Pixel formats typically specify how one pixel is laid out: single-planar/multi-planar layout, order of components within a pixel, width and interpretation of every component.

Pixel formats can be classified as single-plane and multi-plane. Single-plane store all information for a pixel in one place, multi-plane formats store components of the pixel separately, with every plane (chunk of memory) laying out components of pixels in the same order.

For example, DRM_FORMAT_ABGR1555 is defined as [15:0] B:G:R:x 5:5:5:1 little endian: single-planar, RGB, one pixel occupies 16 bits, 5 bits of blue, green, red components and 1 bit of alpha.

Some formats are more cryptic: DRM_FORMAT_YUV444 is non-subsampled Cr (1) and Cb (2) planes: YCbCr, 3 planes, 8 bit Y plane, 8 bit Cr plane, 8 bit Cb plane.

Pixel format modifiers typically specify how multiple pixels are laid out in memory: there is DRM_FORMAT_MOD_LINEAR to force linear layout (pixels are laid out in memory one after another, left-to-right, top-to-bottom, with a possible padding between rows), and a number of modifiers to specify various tiling layouts (clumps of nearby pixels are stored in memory together) and framebuffer compression algorithms.
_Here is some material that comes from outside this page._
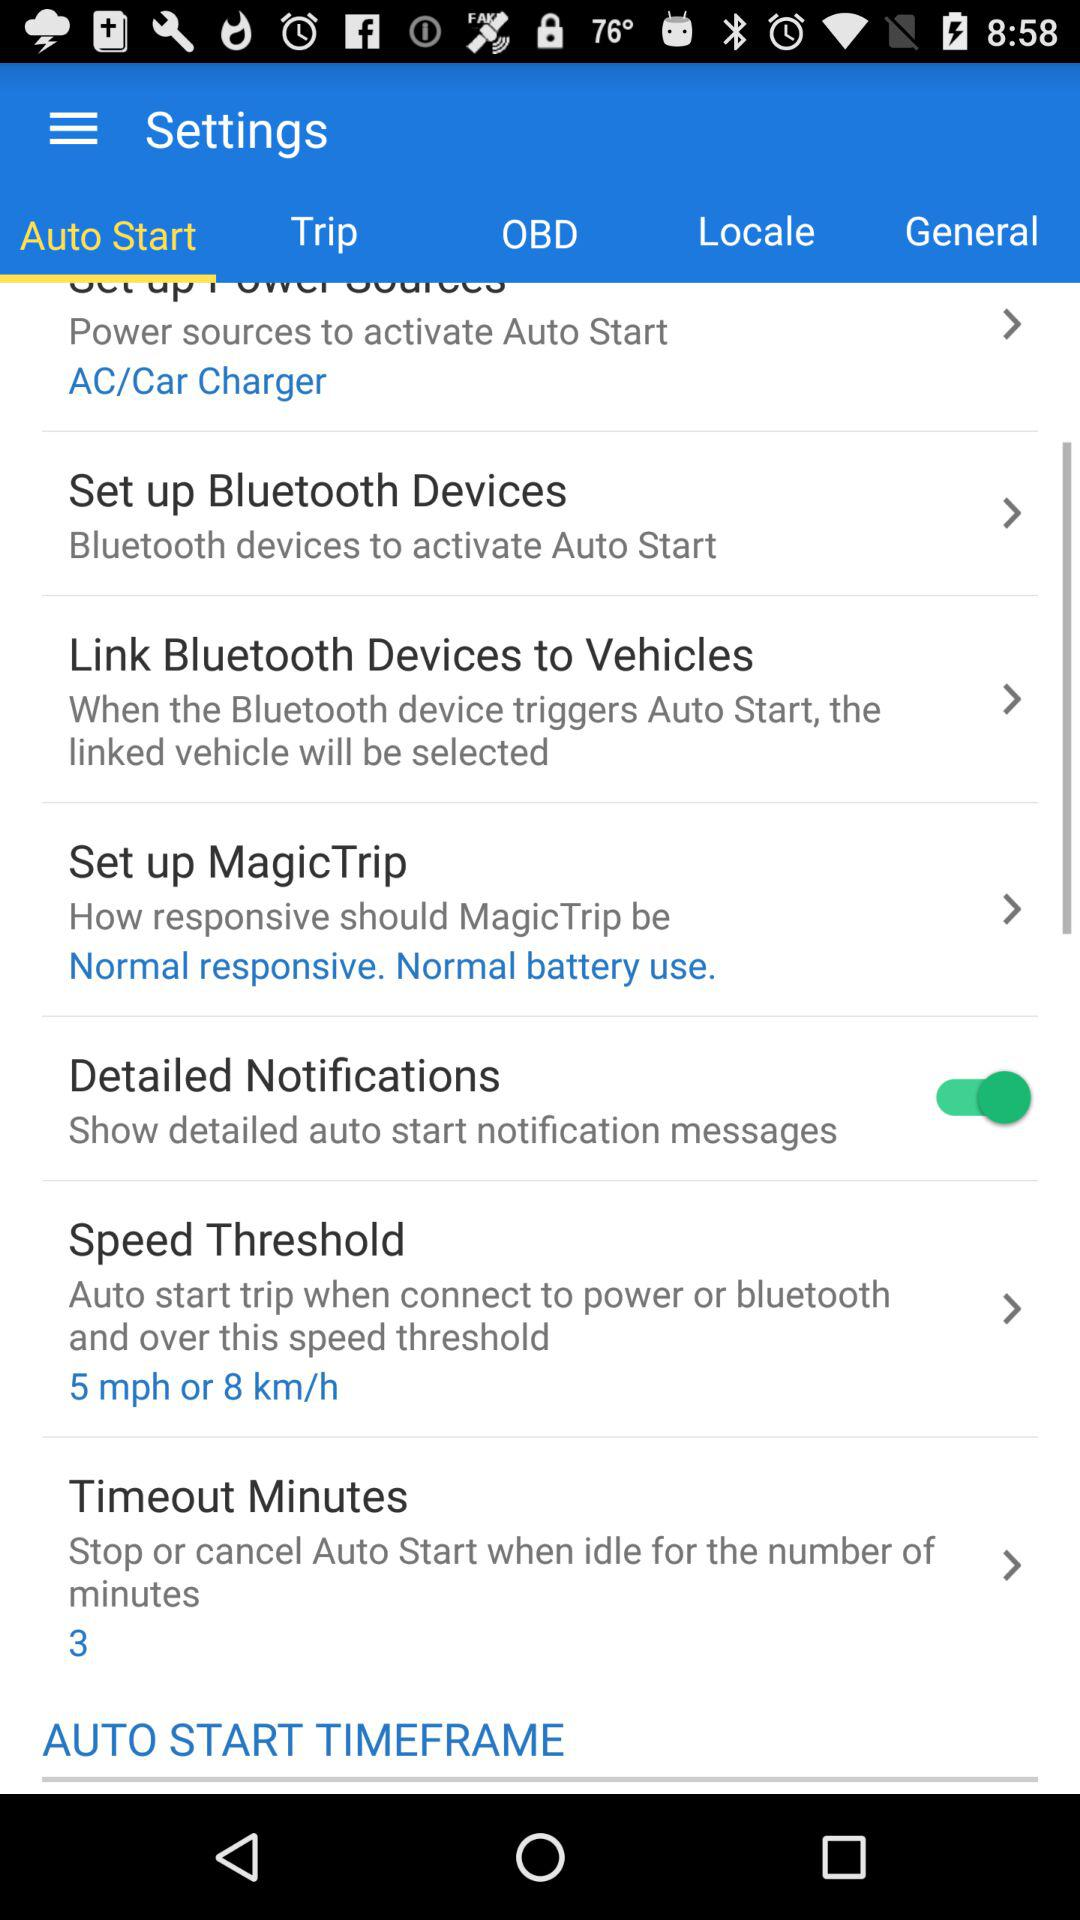Which tab is selected? The selected tab is "Auto Start".

Every DRM plane exposes supported formats, so it’s up to userspace to pick one for best performance. Some DRM planes are specifically created to speedup frequent operations: it is common to see overlay planes that support YUV pixel formats for video playback: many video formats encode picture in YUV, so it allows decoding video directly into a framebuffer and skipping YUV->RGB conversion.